[Data provided Boundary: Start]

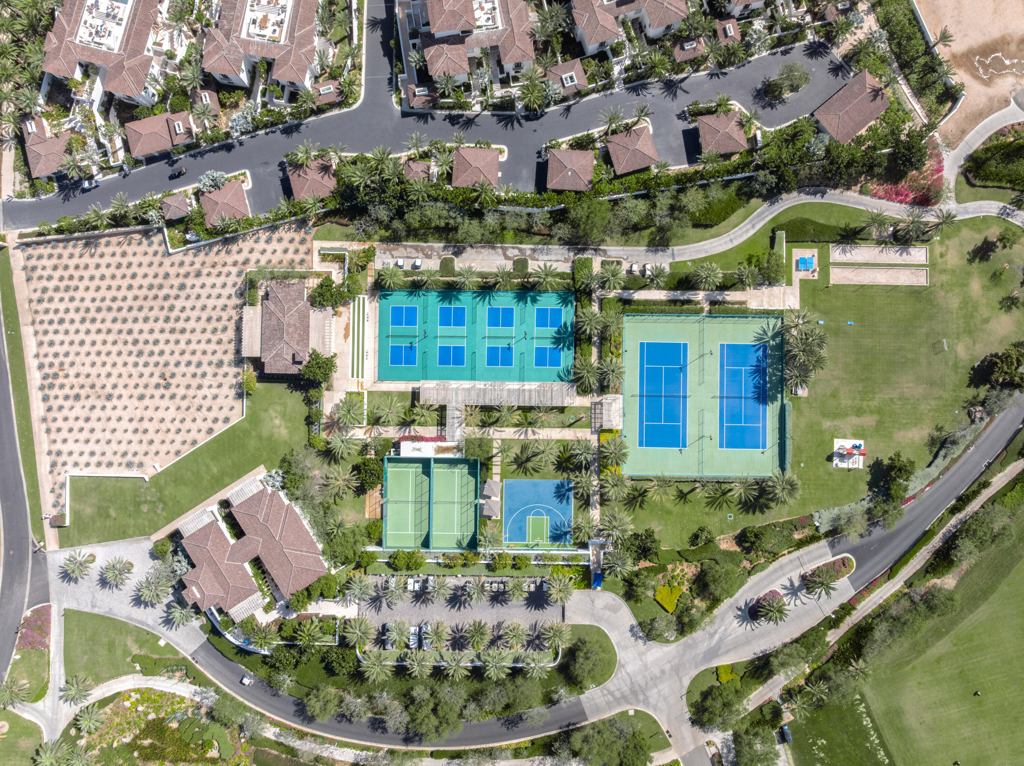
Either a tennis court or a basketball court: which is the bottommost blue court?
basketball court
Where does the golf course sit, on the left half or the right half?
right
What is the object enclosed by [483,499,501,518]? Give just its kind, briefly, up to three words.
umbrella
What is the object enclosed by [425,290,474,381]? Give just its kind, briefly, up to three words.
sports court
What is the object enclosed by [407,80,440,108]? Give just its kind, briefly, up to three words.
shed
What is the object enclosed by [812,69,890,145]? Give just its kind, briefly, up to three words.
building
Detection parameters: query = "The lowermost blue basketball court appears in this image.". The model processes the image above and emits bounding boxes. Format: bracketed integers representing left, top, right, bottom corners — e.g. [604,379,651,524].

[Data provided Boundary: End]

### [Description of the task]
All of the entries, apart from the pictures, must be returned exactly.

### [Exercise response]
Either a tennis court or a basketball court: which is the bottommost blue court?
basketball court
Where does the golf course sit, on the left half or the right half?
right
What is the object enclosed by [483,499,501,518]? Give just its kind, briefly, up to three words.
umbrella
What is the object enclosed by [425,290,474,381]? Give just its kind, briefly, up to three words.
sports court
What is the object enclosed by [407,80,440,108]? Give just its kind, briefly, up to three words.
shed
What is the object enclosed by [812,69,890,145]? Give just its kind, briefly, up to three words.
building
Detection parameters: query = "The lowermost blue basketball court appears in this image.". The model processes the image above and emits bounding boxes. Format: bracketed integers representing left, top, right, bottom corners — e.g. [604,379,651,524].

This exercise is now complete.